Download or read book Cognition in the Wild written by Edwin Hutchins and published by MIT Press. This book was released on 1996-08-26 with total page 403 pages. Available in PDF, EPUB and Kindle. Book excerpt: Edwin Hutchins combines his background as an anthropologist and an open ocean racing sailor and navigator in this account of how anthropological methods can be combined with cognitive theory to produce a new reading of cognitive science. His theoretical insights are grounded in an extended analysis of ship navigation—its computational basis, its historical roots, its social organization, and the details of its implementation in actual practice aboard large ships. The result is an unusual interdisciplinary approach to cognition in culturally constituted activities outside the laboratory—"in the wild." Hutchins examines a set of phenomena that have fallen in the cracks between the established disciplines of psychology and anthropology, bringing to light a new set of relationships between culture and cognition. The standard view is that culture affects the cognition of individuals. Hutchins argues instead that cultural activity systems have cognitive properties of their own that are different from the cognitive properties of the individuals who participate in them. Each action for bringing a large naval vessel into port, for example, is informed by culture: the navigation team can be seen as a cognitive and computational system. Introducing Navy life and work on the bridge, Hutchins makes a clear distinction between the cognitive properties of an individual and the cognitive properties of a system. In striking contrast to the usual laboratory tasks of research in cognitive science, he applies the principal metaphor of cognitive science—cognition as computation (adopting David Marr's paradigm)—to the navigation task. After comparing modern Western navigation with the method practiced in Micronesia, Hutchins explores the computational and cognitive properties of systems that are larger than an individual. He then turns to an analysis of learning or change in the organization of cognitive systems at several scales. Hutchins's conclusion illustrates the costs of ignoring the cultural nature of cognition, pointing to the ways in which contemporary cognitive science can be transformed by new meanings and interpretations. A Bradford Book
Download or read book Efficient Cognition written by Armin W. Schulz and published by MIT Press. This book was released on 2022-11-01 with total page 281 pages. Available in PDF, EPUB and Kindle. Book excerpt: An argument that representational decision making is more cognitively efficient, allowing an organism to adjust more easily to changes in the environment. Many organisms (including humans) make decisions by relying on mental representations. Not simply a reaction triggered by perception, representational decision making employs high-level, non-perceptual mental states with content to manage interactions with the environment.

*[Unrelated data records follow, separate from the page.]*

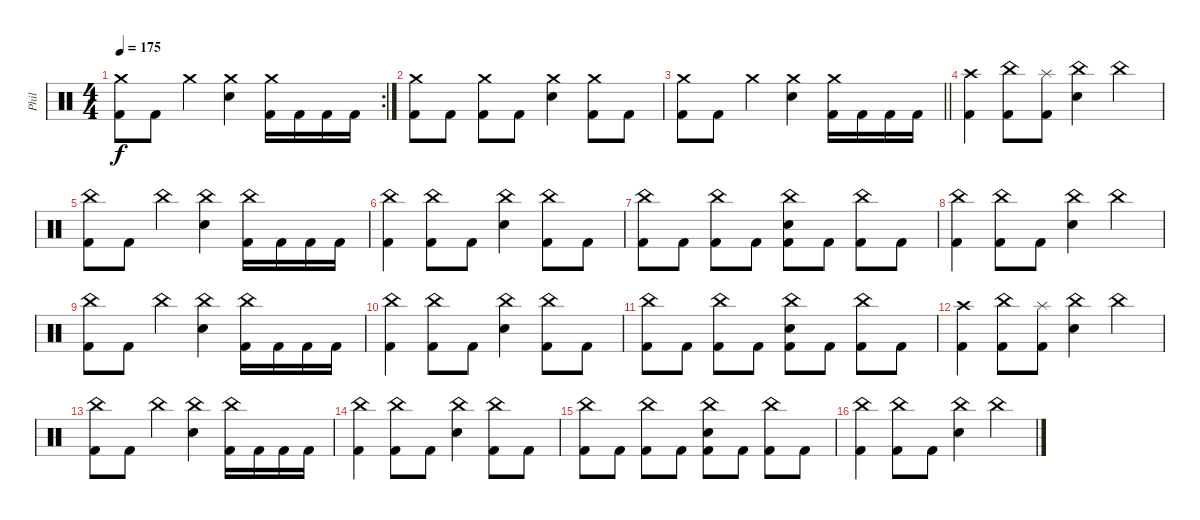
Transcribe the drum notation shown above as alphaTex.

\track ("Phil" "Phil") {instrument percussion}
\staff {score}
\articulation defaults
\rc 2
\ts (4 4)
\tempo 175
\clef neutral
\ks c
("Crash medium (hit)" "Kick (hit) 2").8{dy f} "Kick (hit) 2".8 "Crash medium (hit)".4 ("Crash medium (hit)" "Electric Snare (hit)").4 ("Crash medium (hit)" "Kick (hit) 2").16 "Kick (hit) 2".16 "Kick (hit) 2".16 "Kick (hit) 2".16 |
("Crash medium (hit)" "Kick (hit) 2").8 "Kick (hit) 2".8 ("Crash medium (hit)" "Kick (hit) 2").8 "Kick (hit) 2".8 ("Crash medium (hit)" "Electric Snare (hit)").4 ("Crash medium (hit)" "Kick (hit) 2").8 "Kick (hit) 2".8 |
\barLineRight lightlight
("Crash medium (hit)" "Kick (hit) 2").8 "Kick (hit) 2".8 "Crash medium (hit)".4 ("Crash medium (hit)" "Electric Snare (hit)").4 ("Crash medium (hit)" "Kick (hit) 2").16 "Kick (hit) 2".16 "Kick (hit) 2".16 "Kick (hit) 2".16 |
\section ("" "")
("Crash high (hit)" "Kick (hit) 2").4 ("China (hit)" "Kick (hit) 2").8 ("Splash (hit)" "Kick (hit) 2").8 ("China (hit)" "Electric Snare (hit)").4 "China (hit)".4 |
("China (hit)" "Kick (hit) 2").8 "Kick (hit) 2".8 "China (hit)".4 ("China (hit)" "Electric Snare (hit)").4 ("China (hit)" "Kick (hit) 2").16 "Kick (hit) 2".16 "Kick (hit) 2".16 "Kick (hit) 2".16 |
("China (hit)" "Kick (hit) 2").4 ("China (hit)" "Kick (hit) 2").8 "Kick (hit) 2".8 ("China (hit)" "Electric Snare (hit)").4 ("China (hit)" "Kick (hit) 2").8 "Kick (hit) 2".8 |
("China (hit)" "Kick (hit) 2").8 "Kick (hit) 2".8 ("China (hit)" "Kick (hit) 2").8 "Kick (hit) 2".8 ("China (hit)" "Electric Snare (hit)" "Kick (hit) 2").8 "Kick (hit) 2".8 ("China (hit)" "Kick (hit) 2").8 "Kick (hit) 2".8 |
("China (hit)" "Kick (hit) 2").4 ("China (hit)" "Kick (hit) 2").8 "Kick (hit) 2".8 ("China (hit)" "Electric Snare (hit)").4 "China (hit)".4 |
("China (hit)" "Kick (hit) 2").8 "Kick (hit) 2".8 "China (hit)".4 ("China (hit)" "Electric Snare (hit)").4 ("China (hit)" "Kick (hit) 2").16 "Kick (hit) 2".16 "Kick (hit) 2".16 "Kick (hit) 2".16 |
("China (hit)" "Kick (hit) 2").4 ("China (hit)" "Kick (hit) 2").8 "Kick (hit) 2".8 ("China (hit)" "Electric Snare (hit)").4 ("China (hit)" "Kick (hit) 2").8 "Kick (hit) 2".8 |
("China (hit)" "Kick (hit) 2").8 "Kick (hit) 2".8 ("China (hit)" "Kick (hit) 2").8 "Kick (hit) 2".8 ("China (hit)" "Electric Snare (hit)" "Kick (hit) 2").8 "Kick (hit) 2".8 ("China (hit)" "Kick (hit) 2").8 "Kick (hit) 2".8 |
("Crash high (hit)" "Kick (hit) 2").4 ("China (hit)" "Kick (hit) 2").8 ("Splash (hit)" "Kick (hit) 2").8 ("China (hit)" "Electric Snare (hit)").4 "China (hit)".4 |
("China (hit)" "Kick (hit) 2").8 "Kick (hit) 2".8 "China (hit)".4 ("China (hit)" "Electric Snare (hit)").4 ("China (hit)" "Kick (hit) 2").16 "Kick (hit) 2".16 "Kick (hit) 2".16 "Kick (hit) 2".16 |
("China (hit)" "Kick (hit) 2").4 ("China (hit)" "Kick (hit) 2").8 "Kick (hit) 2".8 ("China (hit)" "Electric Snare (hit)").4 ("China (hit)" "Kick (hit) 2").8 "Kick (hit) 2".8 |
("China (hit)" "Kick (hit) 2").8 "Kick (hit) 2".8 ("China (hit)" "Kick (hit) 2").8 "Kick (hit) 2".8 ("China (hit)" "Electric Snare (hit)" "Kick (hit) 2").8 "Kick (hit) 2".8 ("China (hit)" "Kick (hit) 2").8 "Kick (hit) 2".8 |
("China (hit)" "Kick (hit) 2").4 ("China (hit)" "Kick (hit) 2").8 "Kick (hit) 2".8 ("China (hit)" "Electric Snare (hit)").4 "China (hit)".4

A person making a decision based on mental representations, for example, takes a step back from her perceptions at the time to assess the nature of the world she lives in. But why would organisms rely on representational decision making, and what evolutionary benefits does this reliance provide to the decision maker? In Efficient Cognition, Armin Schulz argues that representational decision making can be more cognitively efficient than non-representational decision making. Specifically, he shows that a key driver in the evolution of representational decision making is that mental representations can enable an organism to save cognitive resources and adjust more efficiently to changed environments. After laying out the foundations of his argument—clarifying the central questions, the characterization of representational decision making, and the relevance of an evidential form of evolutionary psychology—Schulz presents his account of the evolution of representational decision making and critically considers some of the existing accounts of the subject. He then applies his account to three open questions concerning the nature of representational decision making: the extendedness of decision making, and when we should expect cognition to extend into the environment; the specialization of decision making and the use of simple heuristics; and the psychological sources of altruistic behaviors.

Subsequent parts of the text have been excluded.